The Apostle Paul taught, “For ye are bought with a price: therefore glorify God in your body, and in your spirit, which are God’s” (1 Corinthians 6:20). God doesn’t ask us to glorify ourselves by posting flawless photos on Instagram. He asks us to glorify Him by keeping our bodies pure and healthy. Satan has never had a body and never will. Because he is bitter about his eternal state, he tries to plant lies into the minds of those who do have bodies. When we look at another person’s body with jealousy, lust, or unrighteous comparison, we need to stop and recognize that those feelings aren’t from Heavenly Father. No matter how damaged our body image may be, the Savior can teach us to love our physical bodies and treat them with respect.
The Lord never intended for us to be more concerned about our bodies than we are for our spirits. In Doctrine and Covenants 29:34, He explains that “all things unto me are spiritual, and not at any time have I given unto you a law which was temporal.” Here the Lord teaches that all commandments—even the ones like the Word of Wisdom that seem temporal—are given to us for spiritual purposes.

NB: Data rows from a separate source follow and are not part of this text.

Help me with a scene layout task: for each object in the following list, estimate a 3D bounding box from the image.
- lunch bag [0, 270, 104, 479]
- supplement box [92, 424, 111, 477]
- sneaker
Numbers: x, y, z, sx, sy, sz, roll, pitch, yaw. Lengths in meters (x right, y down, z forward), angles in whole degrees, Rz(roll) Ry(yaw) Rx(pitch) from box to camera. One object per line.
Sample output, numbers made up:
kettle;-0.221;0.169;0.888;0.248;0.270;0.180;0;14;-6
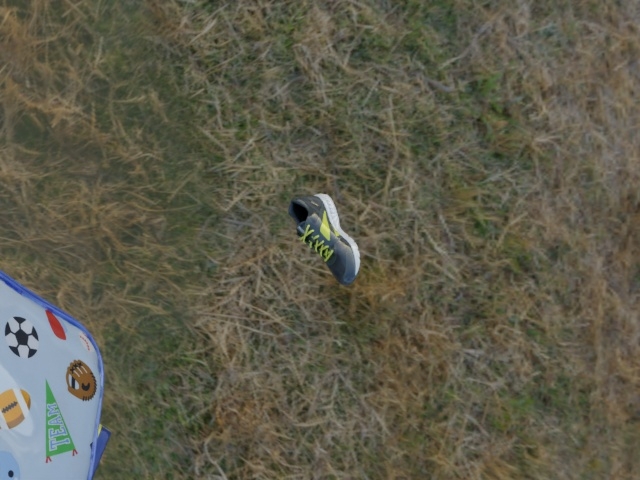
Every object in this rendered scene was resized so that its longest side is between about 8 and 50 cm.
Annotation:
lunch bag;-0.284;0.163;0.537;0.243;0.115;0.303;53;24;-47
supplement box;-0.526;0.297;1.057;0.356;0.195;0.194;51;43;-40
sneaker;0.000;0.000;0.530;0.035;0.031;0.083;1;48;-35

President Russell M. Nelson has taught, “How you use your body affects your spirit.”4 If we are constantly loathing our outward appearance, we may interrupt our inward connection to heaven. When we follow the counsel of prophets to care for and love our bodies, we open ourselves to more spiritual nourishment.

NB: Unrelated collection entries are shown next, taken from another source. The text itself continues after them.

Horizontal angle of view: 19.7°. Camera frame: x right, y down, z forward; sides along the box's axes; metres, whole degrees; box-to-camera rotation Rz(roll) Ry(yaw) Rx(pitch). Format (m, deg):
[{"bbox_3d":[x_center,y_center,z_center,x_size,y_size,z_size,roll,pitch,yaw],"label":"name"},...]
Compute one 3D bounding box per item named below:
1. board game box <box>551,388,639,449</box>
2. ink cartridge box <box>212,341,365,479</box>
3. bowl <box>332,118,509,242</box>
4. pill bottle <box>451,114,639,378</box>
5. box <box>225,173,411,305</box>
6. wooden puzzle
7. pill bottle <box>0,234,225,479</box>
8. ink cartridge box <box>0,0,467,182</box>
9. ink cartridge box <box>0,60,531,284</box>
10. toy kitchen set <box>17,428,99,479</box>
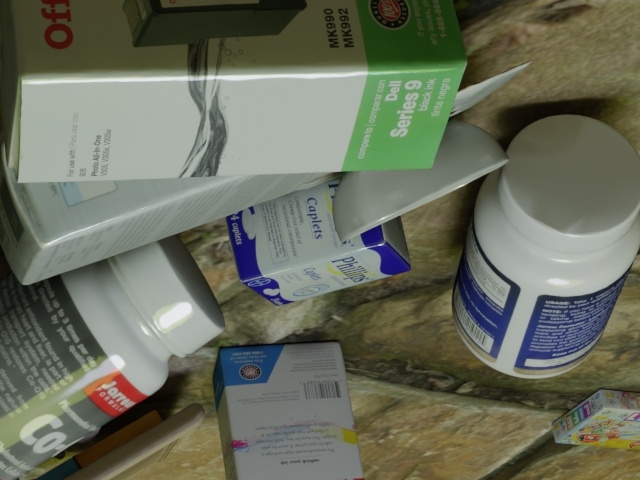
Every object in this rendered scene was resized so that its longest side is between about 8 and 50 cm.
[{"bbox_3d":[0.375,0.221,2.257,0.154,0.026,0.103,8,147,-29],"label":"board game box"},{"bbox_3d":[-0.031,0.226,1.925,0.134,0.231,0.078,-2,151,-13],"label":"ink cartridge box"},{"bbox_3d":[0.074,-0.053,1.526,0.142,0.053,0.142,-26,180,-12],"label":"bowl"},{"bbox_3d":[0.209,0.007,1.684,0.153,0.153,0.265,-6,152,-7],"label":"pill bottle"},{"bbox_3d":[0.000,0.000,1.664,0.137,0.072,0.126,-16,165,10],"label":"box"},{"bbox_3d":[-0.246,0.252,1.995,0.221,0.044,0.238,-29,173,-25],"label":"wooden puzzle"},{"bbox_3d":[-0.238,0.099,1.644,0.283,0.161,0.161,-32,148,5],"label":"pill bottle"},{"bbox_3d":[-0.070,-0.158,1.233,0.289,0.211,0.121,-3,149,-13],"label":"ink cartridge box"},{"bbox_3d":[-0.063,-0.079,1.434,0.385,0.091,0.308,-21,178,-13],"label":"ink cartridge box"},{"bbox_3d":[-0.353,0.173,1.888,0.207,0.122,0.166,-34,148,2],"label":"toy kitchen set"}]

After the dismal hallway chat with my roommates, I knelt beside my bed and told my Heavenly Father how tired I was—tired of keeping up with unrealistic ideals of “pretty” and tired of beating myself up when I didn’t meet them. I needed His help to heal my broken perception of what beauty really is. As I crawled into bed, I looked up at a picture of the resurrected Christ on my wall. It occurred to me that just a few days prior to His Resurrection, He had not looked as glorious. I closed my eyes and envisioned Him carrying a cross as heavy as the world up to Golgotha, His feet caked in dirt, His back lacerated, and His hair matted with blood. Certainly, to the Roman soldiers who mocked Him, “there [was] no beauty that [they] should desire Him” (see Isaiah 53:2). But to me, there was nothing more moving than the image of my Savior’s “bruised, broken, [and] torn” body.5 He was willing to sink to the lowliest of spiritual and physical states to exalt me to the highest of spiritual and physical states. Because Jesus Christ conquered all of the ugliness and pain in the world, life is beautiful. I am beautiful.

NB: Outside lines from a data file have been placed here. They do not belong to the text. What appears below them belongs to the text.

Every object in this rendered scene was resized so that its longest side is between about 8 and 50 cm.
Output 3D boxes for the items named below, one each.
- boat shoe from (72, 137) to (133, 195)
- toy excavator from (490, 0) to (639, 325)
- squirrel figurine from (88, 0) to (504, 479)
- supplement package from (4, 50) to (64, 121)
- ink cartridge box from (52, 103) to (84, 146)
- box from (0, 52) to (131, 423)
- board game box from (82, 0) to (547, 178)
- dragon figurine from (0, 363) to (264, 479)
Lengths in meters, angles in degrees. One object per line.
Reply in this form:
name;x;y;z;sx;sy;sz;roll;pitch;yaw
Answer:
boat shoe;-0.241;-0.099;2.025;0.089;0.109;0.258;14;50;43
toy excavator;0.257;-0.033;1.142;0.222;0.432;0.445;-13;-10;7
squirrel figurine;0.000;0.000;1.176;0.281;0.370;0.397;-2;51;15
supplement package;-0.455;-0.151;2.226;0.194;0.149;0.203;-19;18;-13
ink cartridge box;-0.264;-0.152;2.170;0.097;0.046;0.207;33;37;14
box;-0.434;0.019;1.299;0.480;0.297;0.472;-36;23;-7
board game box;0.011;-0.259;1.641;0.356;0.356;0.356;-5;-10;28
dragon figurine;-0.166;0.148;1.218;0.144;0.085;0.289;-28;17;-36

We can’t ever afford to think of the precious truths of the gospel as clichés, especially as they relate to our self-worth. As Bonnie L. Oscarson, former Young Women General President, taught, “We need to get the gospel [truths] from our heads into our hearts!”6 Today, when I hear, “I am a child of God” or “Your body is a temple,” I don’t zone out because I’ve heard it all before; I tune in because knowing these truths gives me a valuable voice in the conversation about body image. They teach me that I don’t have to starve myself or go to extreme lengths physically to feel worthwhile. More importantly, they teach me that as I feed myself spiritually, I can feel the best kind of beauty—beauty that is divinely given, beauty that lasts.